“Get in the truck. We’re going back to town.”
I mutter under my breath, but do as I’m told. I can kill a man from two hundred yards, rebuild an engine blindfolded, and take a punch that would kill most people — and yet here I am…
Errand boy.
Perfect.
The ride back to town passes in silence. And my bike ride to Ironwood Falls PD does as well. Officer Maya Alvarado meets me at the front desk as if she’s been expecting me all week.
“Breaker, right?” She looks me over, lips twitching. “So you’re the prospect. You look different from your file photo. I’ll have to update that.”
“Don’t,” I growl, because I have a bad feeling about where this is going.
She just smiles. I’d be tempted to consider it a smirk, except she doesn’t seem the type to do that. “Rabid said you’re here to help.”
I cross my arms, still not sure if this is a setup or a test, or both. “Yep.”
“Good.” She claps her hands together. “Because I’ve got an urgent job that needs doing, and I’m short-staffed. Parade coming up means too many drunk morons with festival money and zero self-control.”
I know the type. Hell, I was the type, once. I narrow my eyes. “What kind of urgent job?”
She doesn’t answer. Instead, she grabs a ring of keys off the desk, tosses them in the air, and catches them without looking. “We’re late. Come on.”
I plant my feet. “Alvarado, what job?”
She stops.
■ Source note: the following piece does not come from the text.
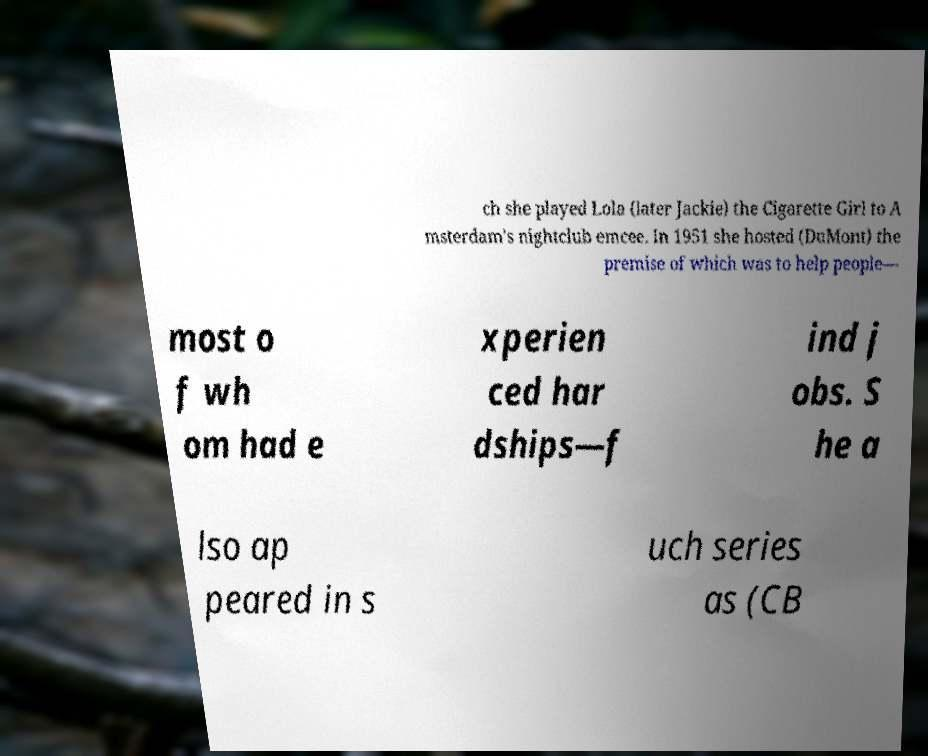Please read and relay the text visible in this image. What does it say? ch she played Lola (later Jackie) the Cigarette Girl to A msterdam's nightclub emcee. In 1951 she hosted (DuMont) the premise of which was to help people— most o f wh om had e xperien ced har dships—f ind j obs. S he a lso ap peared in s uch series as (CB

Turns. Gives me a hard stare. “There is no backing out. Don’t make me cuff you. Or worse, call your prez and tell him you were uncooperative.”
I mutter something foul under my breath — something involving Rabid and his lack of warning — but I follow her, anyway. She yanks open the passenger door of her squad car and pushes me inside like I’m under arrest.
“What the hell—?”
“Seatbelt,” she says, sliding into the driver’s seat. “This is serious business. And when you are riding with an officer of the law, you will obey the law.”
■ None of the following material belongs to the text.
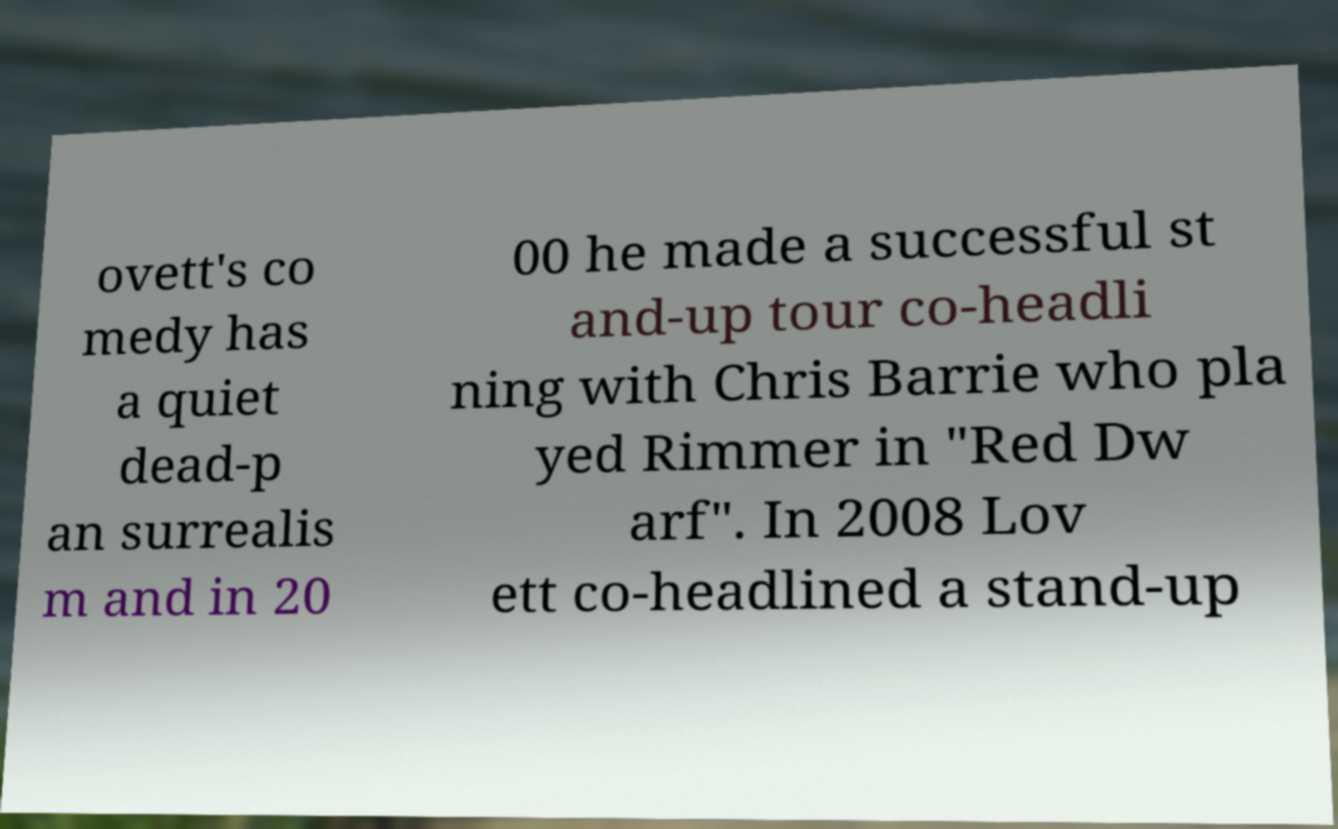Can you read and provide the text displayed in the image?This photo seems to have some interesting text. Can you extract and type it out for me? ovett's co medy has a quiet dead-p an surrealis m and in 20 00 he made a successful st and-up tour co-headli ning with Chris Barrie who pla yed Rimmer in "Red Dw arf". In 2008 Lov ett co-headlined a stand-up

Before I can respond, she turns the ignition, and we’re on the road in seconds, the engine gunning like she’s late for a chase. I’m slammed back against the seat as she peels out of the parking lot, blue-and-white lights flashing.
We take a hard left onto Main and I brace my elbow against the window. “You wanna tell me what this is about?”
She doesn’t look at me, just guns it through a yellow light. “Nope.”
I can see the reflection of her eyes in the rearview mirror, sharp and unblinking. For a second, I wonder if this is a trap. But we keep heading into town, toward the shops and the strip malland that one shitty frozen yogurt place that never has more than two flavors in stock.
We slow at the edge of a parking lot, and I realize with horror where we are.
A craft store. Super-sized. The kind with a pastel sign and windows plastered with decals of happy kids and papier mâché animals and construction paper banners fluttering in the breeze. The parking lot is crawling with minivans, SUVs, and parents in various states of existential defeat. Out in front of the store there is a cluster of Girl Scouts orbiting a woman in a green vest like she’s the sun and they’re the planets.
My stomach drops. “You’re kidding.”
She throws the car into park, turns to me, and grins wide enough to show teeth. “We’re here.”
“We’re where?”
“Do I need to spell it out for you? This is where you’re working, prospect. The Ironwood Falls Anniversary Parade is tomorrow, and there’s no time for you to screw around.”
The second we exit, the entire swarm of Girl Scouts erupts at the sight. Shrieking in joy, they run towards us.
I stare at Officer Alvarado. “There has to be something else I can do, right?”
She arches an eyebrow, leans in, and makes her voice a low, even threat. “Get to work, or else you’ll find out what happens when I get upset.”